Promotionsprojekt zur theologischen Anthropologie Dietrich Bonhoeffers
Ziel des Promotionsvorhabens ist es, Dietrich Bonhoeffers theologische Anthropologie und
insbesondere sein Konzept von „Sünde“ aus dessen komplex gelagerten, vielförmigen und teils
fragmentarischen Texten zu erarbeiten. Dabei wird davon ausgegangen, dass diese Rekonstruktion
nur mit Blick auf den heilsgeschichtlichen Gesamtrahmen seines Werkes ertragreich gelingen kann.
Bonhoeffer selbst erhob früh den Anspruch entlang des „realen Gang[s] der Dinge von der Einheit
durch Bruch zur Einheit“ (DBW1, S. 36) die Gemeinschaften korrumpierende Macht der Sünde
theoretisch fassbar machen zu wollen. Dazu entwarf er ein anspruchsvolles Person- und
Sozialitätskonzept, das er letztlich aus einer soziologischen Anwendung der Monadologie Leibniz’
gewinnt. Die (heils-)geschichtliche Anlage seiner Hamartiologie baut er in seinen späteren Schriften
schließlich weiter aus, etwa in der Rede von der „gefallen-fallenden“ Menschheit (DBW3, S. 112).
Obwohl nur wenige explizit hamartiologische Arbeiten Bonhoeffers vorliegen, stellt die
Sündenlehre ein durchgängiges Hintergrundthema seiner Schriften dar. Aus diesen wird deutlich,
dass für Bonhoeffer die Sünde ihren Ort in den zwischenmenschlichen Beziehungen und damit – da
diese seiner Ansicht nach vom Gott-Mensch-Verhältnis konstitutiv abhängen – in der
Gottesbeziehung hat. Als „schwerste Sünde“ bezeichnet er daher konsequent den „Unglauben gegen
das Evangelium“ (DBW4, S. 203), das in nuce allein zu begreifen sei als Jesu Auftrag und Zuspruch
des „Sorget nicht!“ (vgl. DBW4, S. 172). Auf verschiedenen Ebenen stelle der Mensch in und durch
seine Selbstsorge Gottes Gebot, Gnade und Fürsorge in Zweifel und fliehe so vor Gott in ein
verzweifeltes Selbst-sein-wollen (Kierkegaard), das im Versuch „durch Sorge sorglos zu werden“
(DBW4, S. 171) scheitern muss. Zwischenmenschlich spiegle sich diese gebrochene Gemeinschaft
mit Gott in einem „ethischen Atomismus“ des Eigensinns und Misstrauens wider (DBW1, S. 70).

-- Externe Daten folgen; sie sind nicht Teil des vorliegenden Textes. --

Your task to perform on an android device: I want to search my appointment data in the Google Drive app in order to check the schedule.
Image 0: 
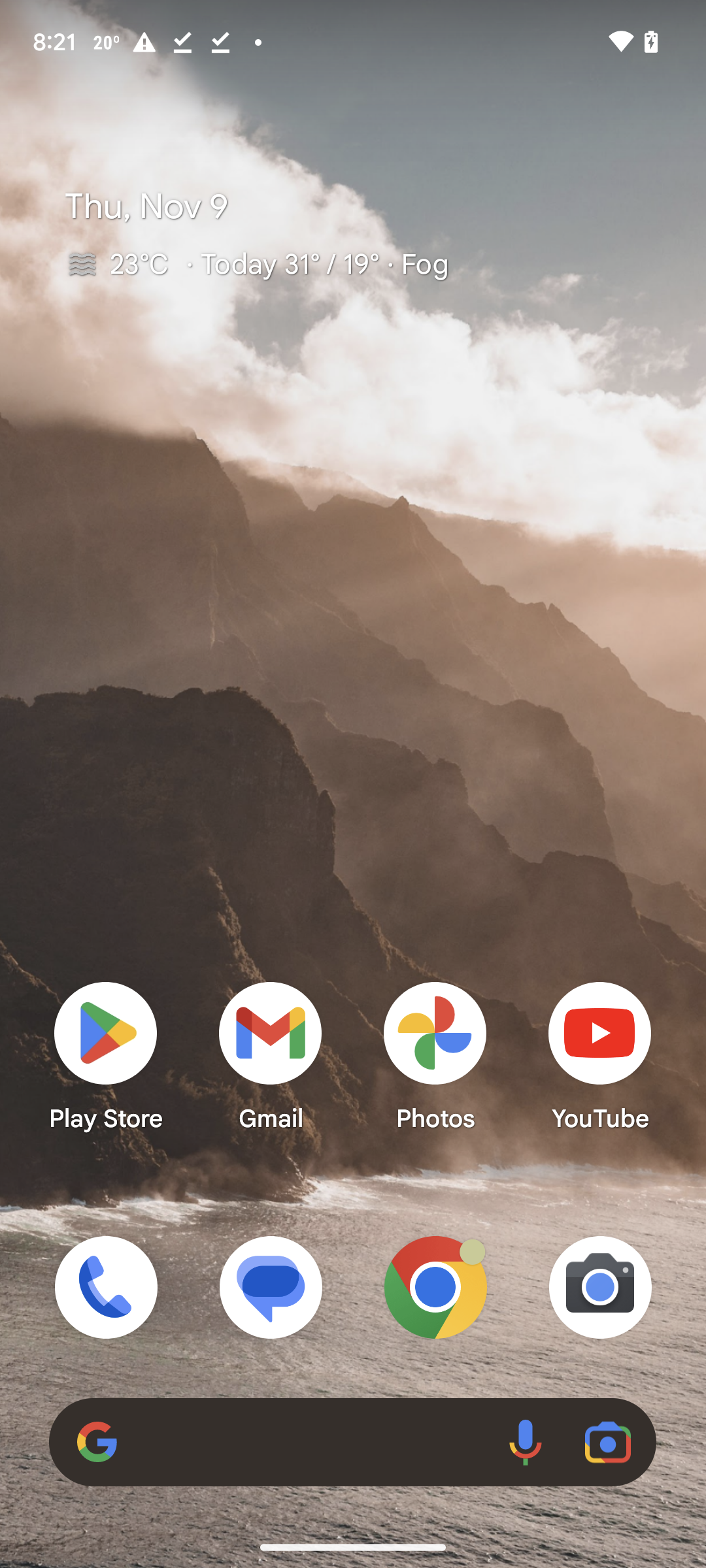
Open the Google drive app
Step 0: open app "Drive"
Image 1: 
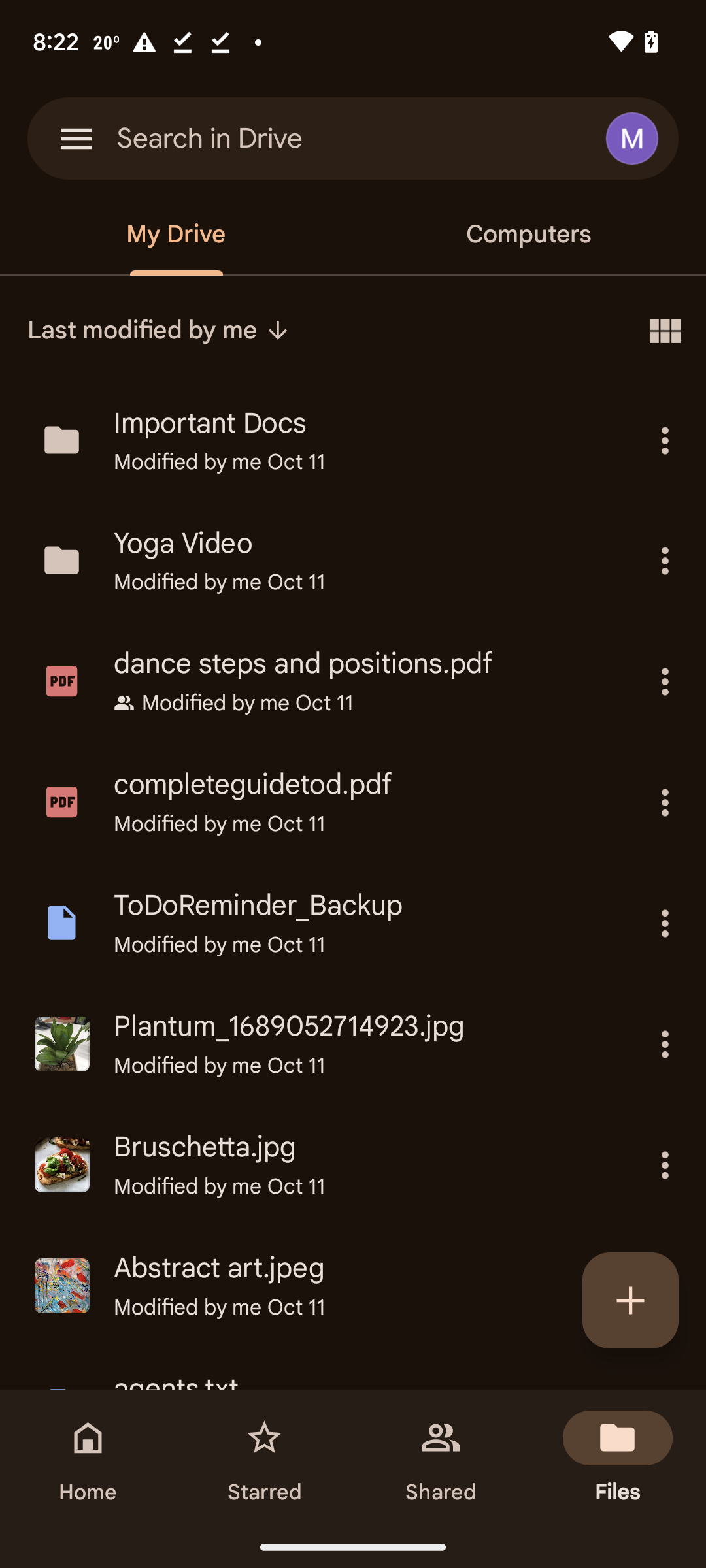
Click on the search bar at the top of the screen
Step 1: click (353, 139)
Image 2: 
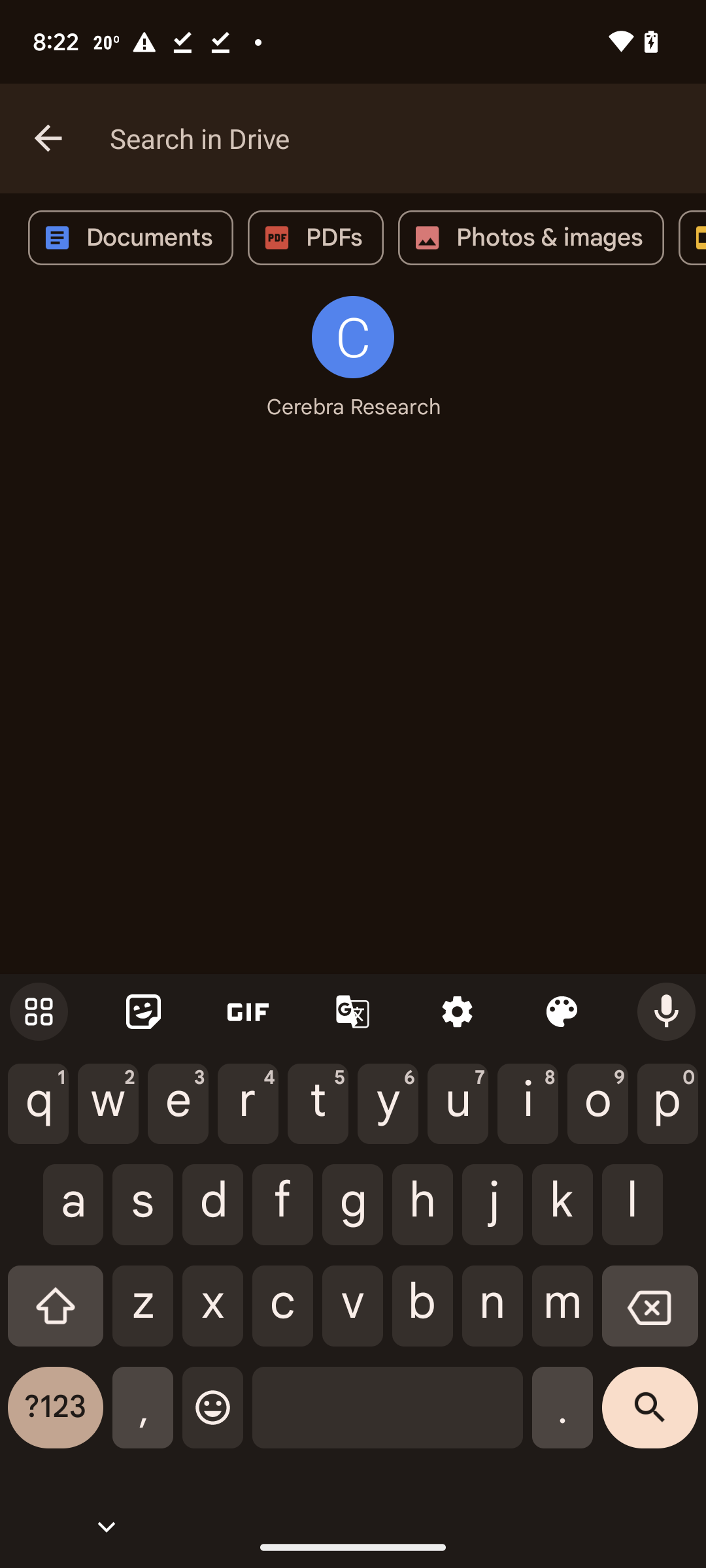
Search for appointment
Step 2: type "appointment"
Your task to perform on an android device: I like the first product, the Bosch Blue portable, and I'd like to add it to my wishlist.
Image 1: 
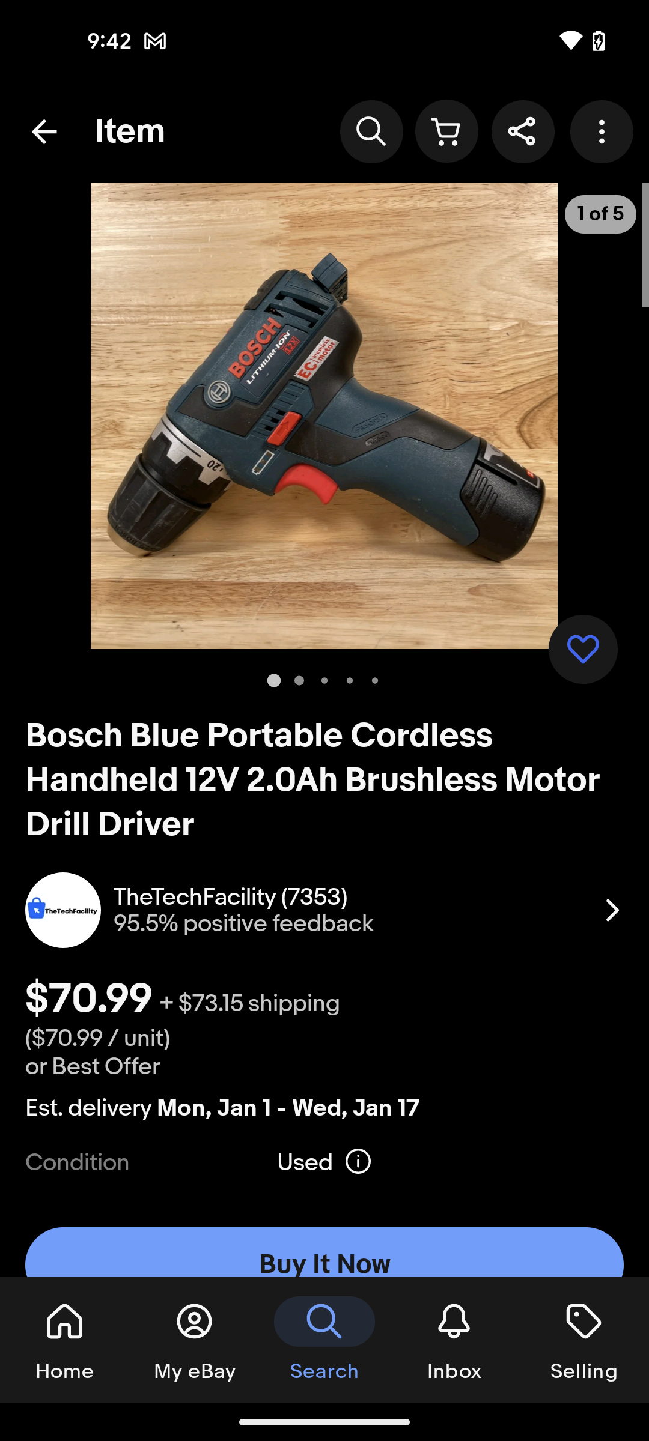
click on the heart icon to add this to wishlist
Step 1: click (583, 649)
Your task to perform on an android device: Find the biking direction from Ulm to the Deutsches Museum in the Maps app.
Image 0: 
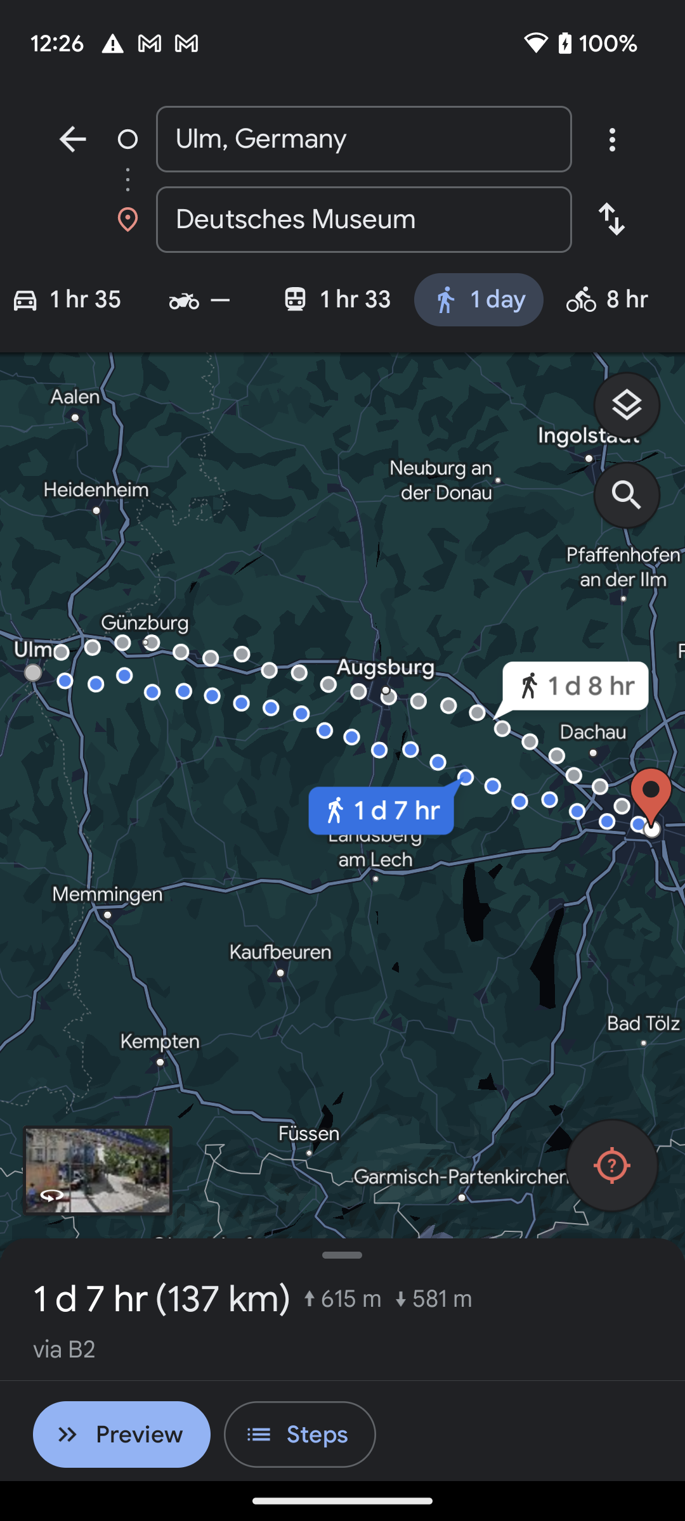
Click on the biking icon at the top of the screen to view the biking direction on this route
Step 0: click (627, 299)

Den Ausweg aus der Entzweiung mit Gott und der Isolation innerhalb der Schöpfungswelt könne
der Mensch allein in der Nachfolge Christi finden.
Dem hamartiologischen Schlüsselbegriff der „Sorge“ stellt Bonhoeffer entsprechend den „Verzicht“
(auf eigene Gerechtigkeit, eigenes Richten des anderen, auf Hochmut und den Verzicht auf das, was
die Welt „Glück“ nennt) als soteriologischen Schlüsselbegriff entgegen (vgl. DBW4, S. 101ff.).
Weitere Zentralbegriffe der Anthropologie Bonhoeffers sind neben Sünde und imago dei (als
analogia relationis) die Begriffe Grenze, Offenbarung und Verantwortung.
Das Promotionsprojekt will einen Beitrag zur Bonhoeffer-Forschung leisten und einen bisher wenig
beforschten Teilbereich weiter ausleuchten. Es ist geleitet von der Überzeugung, mit der
Sündenlehre Bonhoeffers eine Theorie im Blick zu haben, die angesichts des gegenwärtig
problematischen Zustands des Begriffs „Sünde“ – im theologischen wie säkularen Diskurs –
instruktiv und perspektivenreich ist.
Spezifische Fragestellung:
Welches Konzept von Sünde liegt der Theologie Dietrich Bonhoeffers zu Grunde?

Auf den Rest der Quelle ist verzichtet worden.